Tantangan memilih titik dampak yang tepat
Triknya, oleh karena itu, adalah menemukan tempat terbaik di permukaan asteroid untuk berdampak dengan pesawat ruang angkasa sehingga kemungkinan mendorongnya melalui lubang kunci diminimalkan.
Setiap titik pada permukaan asteroid memiliki probabilitas yang berbeda untuk mengirim asteroid melalui lubang kunci gravitasi setelah defleksi oleh penimbar kinetik. Oleh karena itu tim Makadia telah mengembangkan teknik untuk menghitung peta probabilitas permukaan asteroid. Metode mereka menggunakan hasil dari DART sebagai panduan, meskipun setiap asteroid, dengan karakteristiknya sendiri, akan sangat berbeda.
Pengamatan Ground vs.
Bentuk asteroid, topologi permukaan (bukit, kawah, dll.), Rotasi, dan massa semua harus ditentukan terlebih dahulu.

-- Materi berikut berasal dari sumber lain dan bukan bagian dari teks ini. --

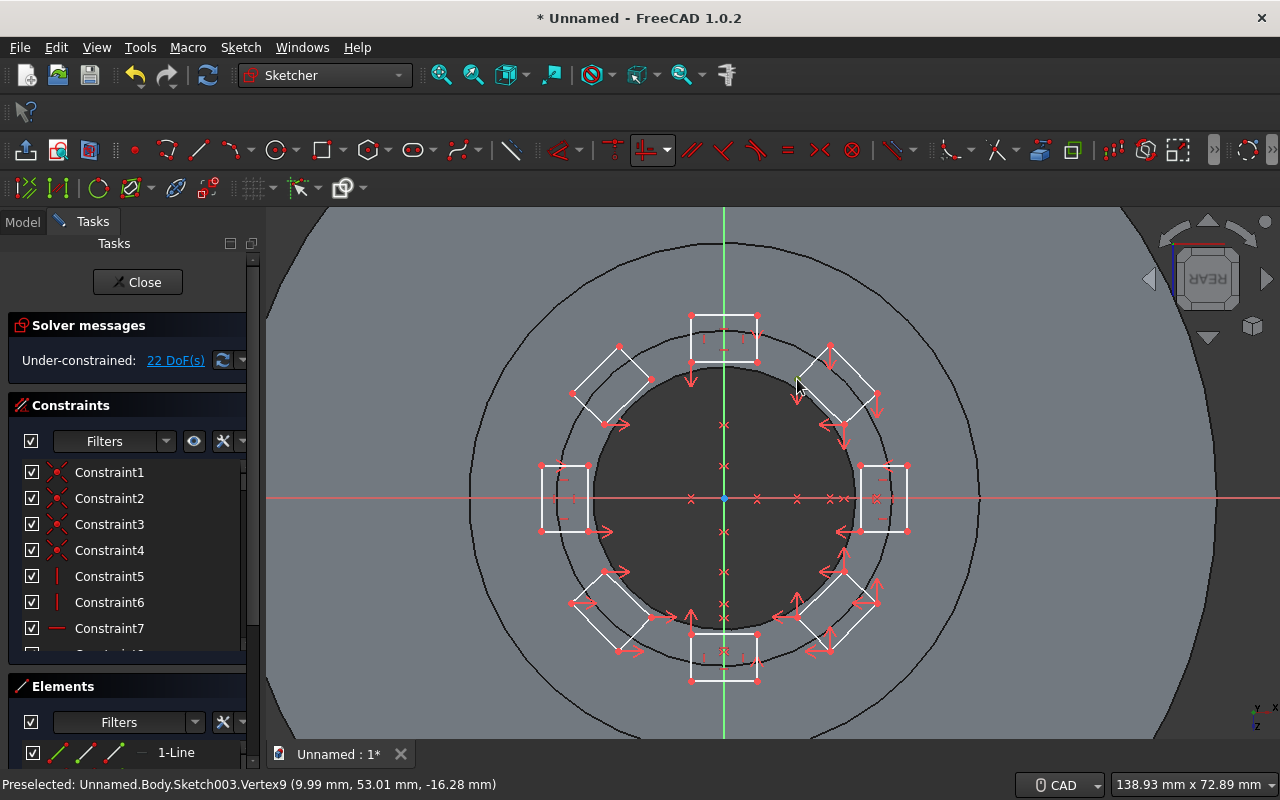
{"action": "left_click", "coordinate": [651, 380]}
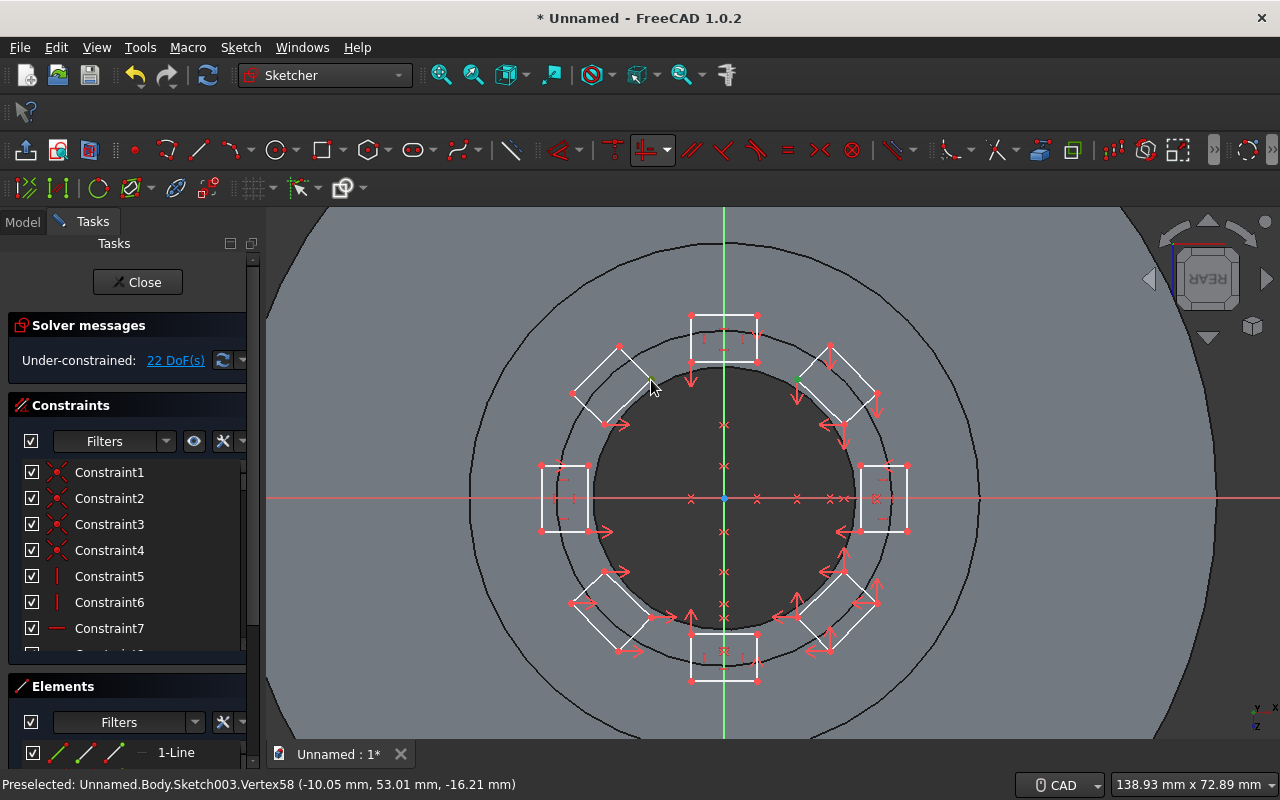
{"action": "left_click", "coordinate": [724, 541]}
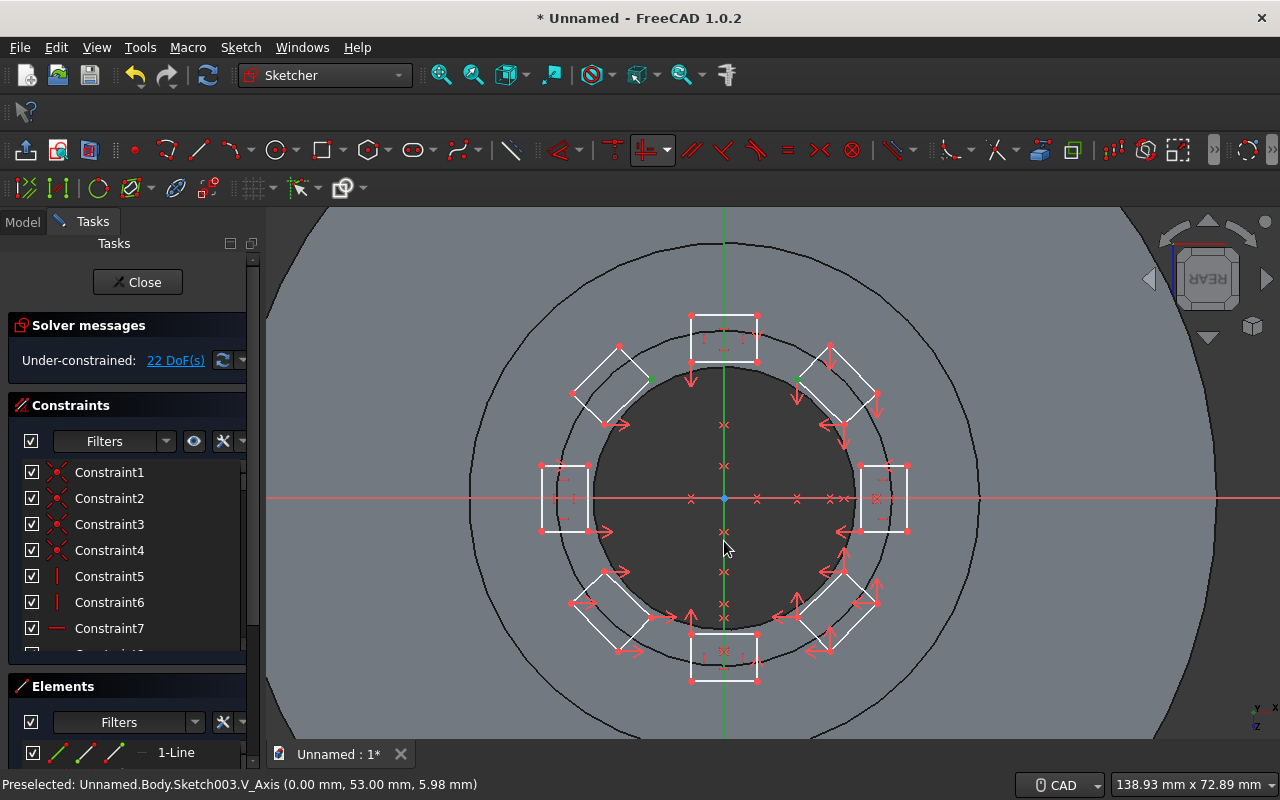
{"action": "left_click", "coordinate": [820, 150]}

Idealnya, ini akan dilakukan dengan misi ruang angkasa untuk bertemu dengan asteroid, menghasilkan gambar dan data resolusi tinggi. Namun, ini mungkin tidak mungkin bagi semua asteroid yang mengancam, terutama jika waktu antara penemuan dan dampak pada Bumi singkat.
“Untungnya, seluruh analisis ini, setidaknya pada tingkat pendahuluan, dimungkinkan menggunakan pengamatan berbasis darat saja, meskipun misi pertemuan lebih disukai,” kata Makadia.
Melindungi Bumi dalam jangka panjang
Dengan menghitung lintasan asteroid berikutnya mengikuti dampak kinetik, dan melihat lintasan mana yang paling berbahaya, para ilmuwan dapat menghitung di mana lokasi teraman untuk menyerang permukaan asteroid.
“Dengan peta probabilitas ini, kita dapat mendorong asteroid pergi sambil mencegah mereka kembali pada lintasan dampak, melindungi Bumi dalam jangka panjang,” kata Makadia.
Referensi: “Pemilihan Situs Berbasis Keyhole Untuk Dampak Dampak Kinetik Asteroid dekat-Bumi” oleh Rahil Makadia, Steven Chesley, Davide Farnocchia dan Siegfried EGGL, 8 Juli 2025, Pertemuan Bersama EPSC-DPS 2025.
Doi: 10.5194/EPSC-DPS2025-77
Pekerjaan ini didanai oleh penghargaan NASA Space Technology Graduate Research Opportunity (NSTGRO), NASA Contract No. 80NSSC22K1173.
Jangan pernah melewatkan terobosan: Bergabunglah dengan buletin ScitechDaily.